Two Poems by Maari Carter

For Sandy, Who Never Got Her Dance

What you’re told: it was rat poison,
a little more and she’d have thrown it up
. Instead

her mother decorates her grave out in Carrollton
at Hickory Grove every Christmas, has for the last

forty years. So you go, because you’re fifteen
and there are worse traditions than a dead girl

who wanted a boy’s damp hand against her back
before he deployed, had only meant it enough

to scare them, make them regret not letting her go.
What you’re not told: this is only one version

of grief, and it’s electricity haunts the pine thicket;
the injustice in re-hanging wreathes

older than a person feels like a fuck you
to the chances of days, the accidental graze

of life’s sweet ass and songs even stars dance to—
that you’ll want to burn it, the dented

reindeer antlers each inch of limp garland, the guestbook,
filled with names who came flaunting their pulses—

that you won’t understand how headlights
can be desperate, how for every bloodflooded chest

there’s a gymnasium, with cardboard cutout stars
falling from its rafters, faking the night sky.

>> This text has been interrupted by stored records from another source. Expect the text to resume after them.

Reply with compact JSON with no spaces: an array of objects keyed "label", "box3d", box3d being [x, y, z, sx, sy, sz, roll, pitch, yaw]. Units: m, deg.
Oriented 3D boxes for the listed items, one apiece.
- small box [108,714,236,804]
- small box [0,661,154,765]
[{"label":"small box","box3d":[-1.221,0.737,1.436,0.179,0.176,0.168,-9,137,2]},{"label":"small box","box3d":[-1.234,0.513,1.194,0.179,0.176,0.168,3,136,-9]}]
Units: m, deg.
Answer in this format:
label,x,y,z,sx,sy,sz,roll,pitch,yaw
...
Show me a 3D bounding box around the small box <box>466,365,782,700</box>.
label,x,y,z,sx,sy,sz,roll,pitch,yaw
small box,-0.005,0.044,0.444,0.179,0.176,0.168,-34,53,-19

For My Mother, Who Didn’t Provide a Forwarding Address

Every two hick town has orphaned mailboxes:
bills, coupons, TV Guide subscriptions scattered

over the hot blind earth, so no one thought
to wander down the gravel to your house,

decaying among overgrown persimmons and witch alder—
close enough to notice frayed window screens

under your carport or grume smudges on their panes.
I open the door you didn’t bother to lock, when you moved

to Memphis with the truck driver from Wisconsin,
which sends a Diet Coke can, its tab inside, clinking

into the dining room past dried dog shit and the leftover
dead: Abby, muzzle full of blowflies, intestinal fluids

seeped onto kitchen’s cheap vinyl, maggots dragging
the beds of her sockets, teeth still rooted

to blood drained gums, green-boned ribs
sticking out from her gas cracked chest.

The other two, Chinese Cresteds, side by side,
one further along than the other, both bloated

and stiff with rigor, lying beside a heap
of empty Marlboro cartons and fast food wrappers.

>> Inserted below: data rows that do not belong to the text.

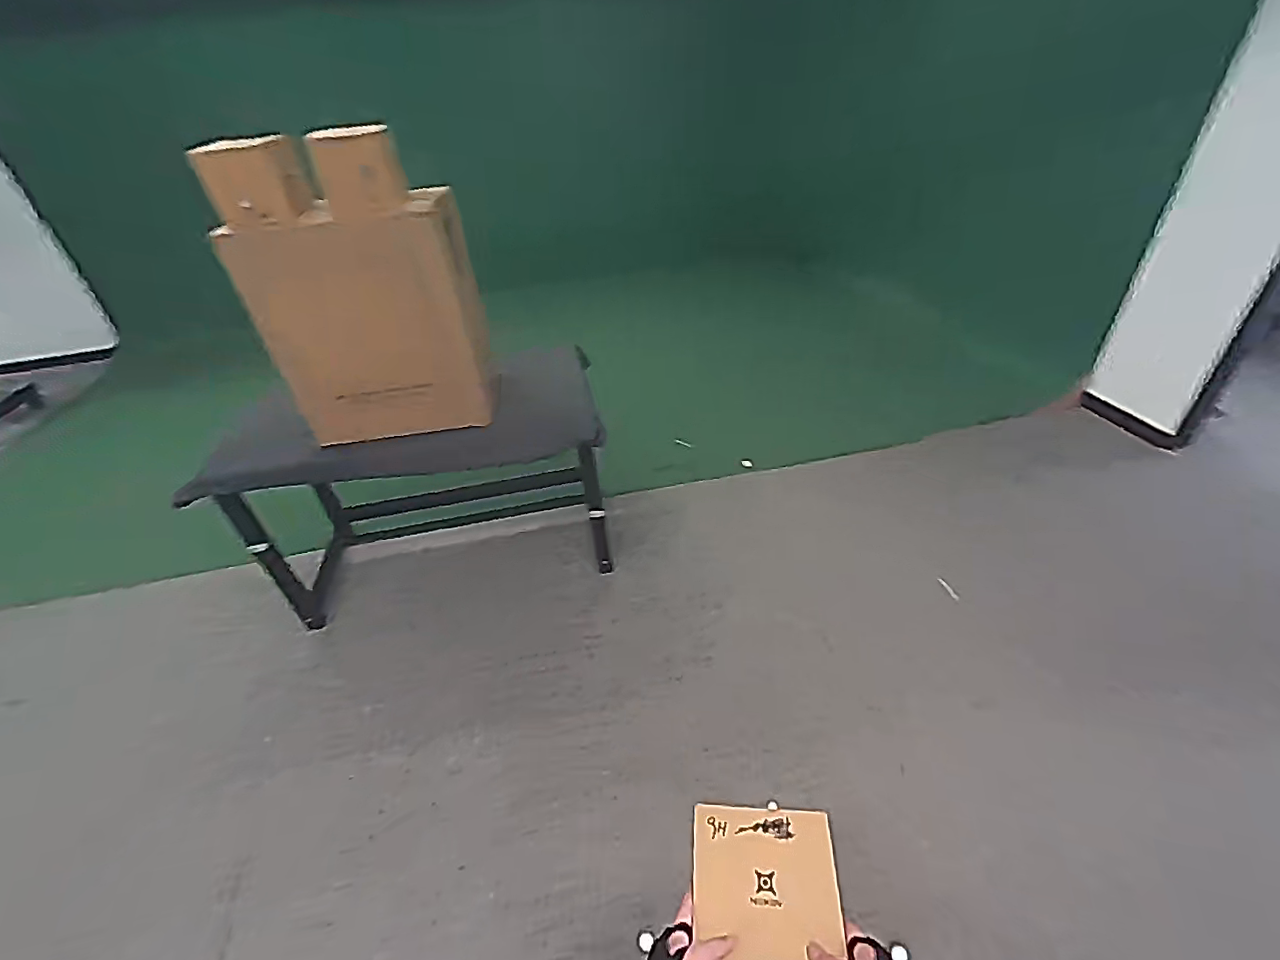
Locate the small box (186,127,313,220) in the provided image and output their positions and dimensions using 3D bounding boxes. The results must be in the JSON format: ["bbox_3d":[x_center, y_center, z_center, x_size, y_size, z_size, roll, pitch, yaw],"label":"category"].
[{"bbox_3d":[-0.943,-0.753,1.330,0.168,0.176,0.179,-8,39,-1],"label":"small box"}]

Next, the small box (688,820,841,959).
[{"bbox_3d":[0.148,0.552,0.677,0.168,0.176,0.179,-3,40,5],"label":"small box"}]

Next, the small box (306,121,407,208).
[{"bbox_3d":[-0.702,-0.794,1.364,0.168,0.176,0.179,-8,39,-9],"label":"small box"}]

Outside, dirt dobbers buzz above the nest-ridden concrete
and grandmother’s Sweet Narcissus lean

against the porch. Belonging to you is a sucker punch,
and there is an us that won’t go beyond today,

except when I feel you in my habits:
when the coffee strainer grows green mold

in my maker, cigarette filters slosh
at the bottoms of months old bottles, and dead fruit flies

confetti my refrigerator— or when I feel
some faint umbilical current, from a day tinted

with dogwood pollen; filled with grass juice smell,
when you held me steady on your shoulders, while I plucked

pears, hanging from the highest branches
and gathered them in the folds of your redwarm skirt.


Maari Carter is originally from Winona, MS and attended The University of Mississippi where she received a B.A. in English. She is currently pursuing an M.F.A. in Creative Writing at Florida State University.